Friday, April 4, 2014

Big tent becoming pup tent

In Idaho, the GOP’s so-called big tent is rapidly becoming a pup tent, leaving all but its most radical adherents standing outside. This is just fine with the insiders who sued in 2011 and forced the state to allow closed primary elections.
    The Republican far right is getting exactly what it wanted in the race between eight-term 2nd District Congressman Mike Simpson and lawyer Bryan Smith. Smith is backed by the Republican Tea Party wing and the deep pockets of the multi-millionaire members of the radically conservative Club for Growth.
    The airwaves are crammed with club-financed anti-Simpson ads accusing him of being “too liberal,” a charge that when suddenly delivered to most Idaho politicos can cause them to snort milk out their noses.
    The closed primary handcuffs Simpson’s ability to reach out to his broad base of constituents that previously included both independents and Democrats. Before the closed primary, individual races, not party alignment, sometimes influenced which ticket voters chose to punch.
    Political purists and backroom power brokers hated the system because it weakened wannabe kingmakers. The U.S. District Court agreed that the open system violated their First Amendment right to associate with whom they pleased.
    Yet, open primaries seem to suit most Idaho voters just fine.

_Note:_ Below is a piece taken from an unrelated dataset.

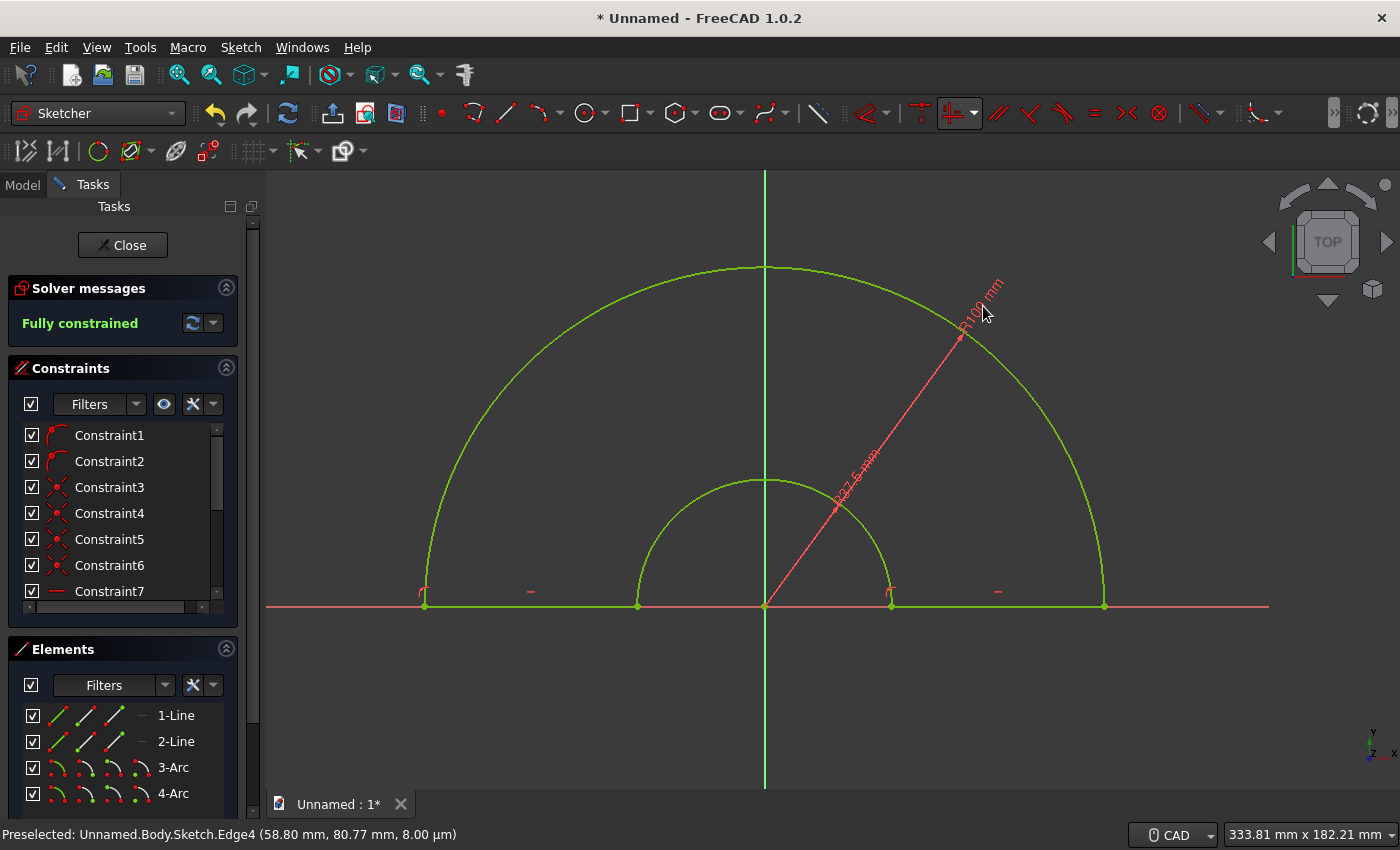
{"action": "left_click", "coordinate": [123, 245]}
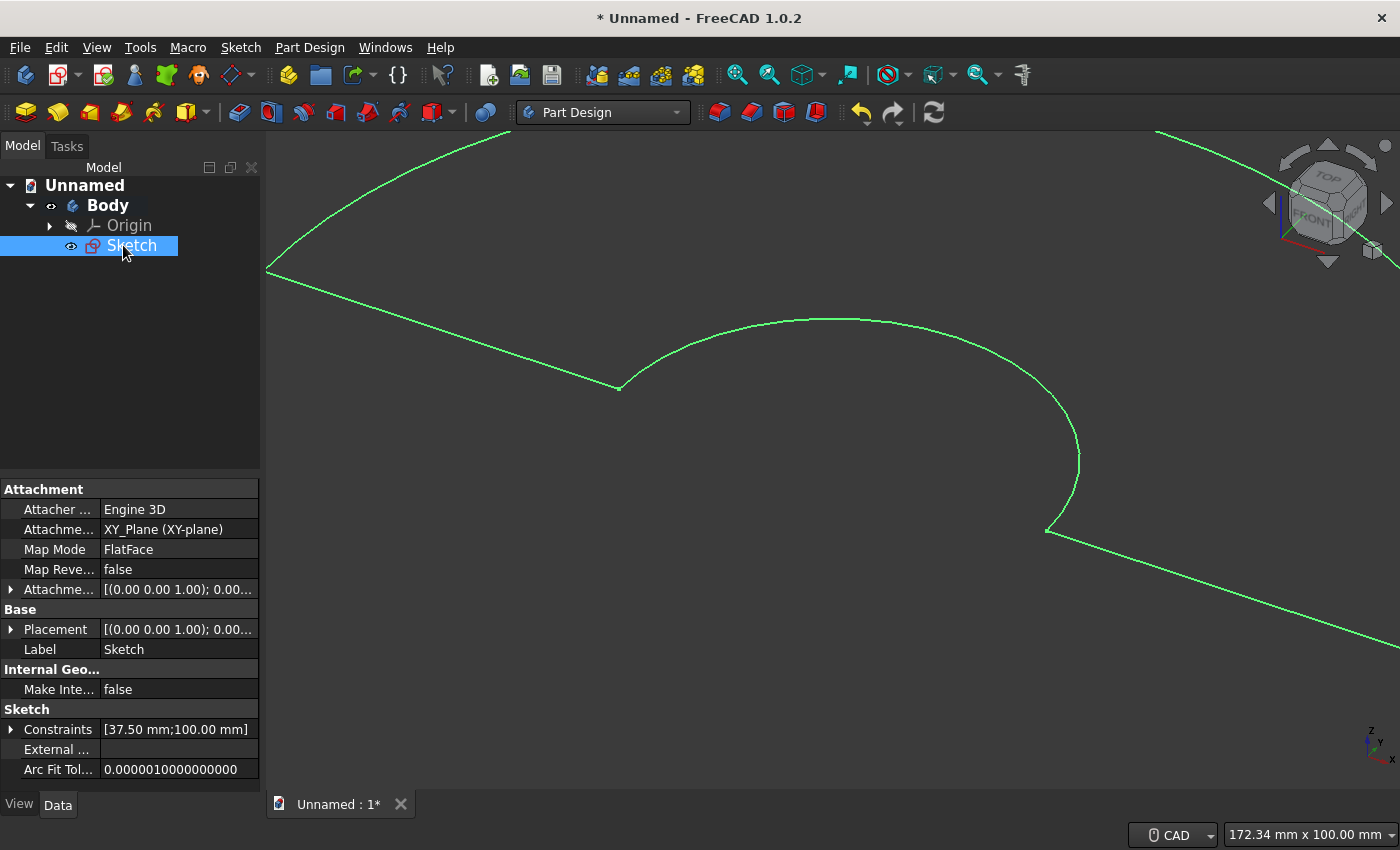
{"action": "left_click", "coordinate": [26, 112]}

    Idaho voters didn’t rush to the polls to declare affiliation in order to vote in the first closed primary in May 2012, which drew record-low voter numbers. Today, 440,000 voters, or 60 percent of the state’s total of 742,000 registered voters, remain unaffiliated. Unaffiliated voters may declare a party preference at the polls next month, but already affiliated voters who wish to switch cannot unless they did so before a March 14 deadline.
    The court’s ruling and the Republican Party’s decision to opt for a closed primary have let the kingmakers rig the system.
    If voters don’t wake up to what’s happening, Idaho could be in for multiple shocks from a right-wing agenda that includes massive under-investment in education and infrastructure, lack of economic growth, a degraded environment, and high percentages of citizens who are undereducated, underemployed or trapped in minimum-wage jobs. The desperately poor can look forward to deeper cuts in Medicaid health services.
    Even with relatively moderate leaders, Idaho continually ranks in the lower rungs of nearly every quality measure of education, health care, environmental protection and economic fitness when compared to other states.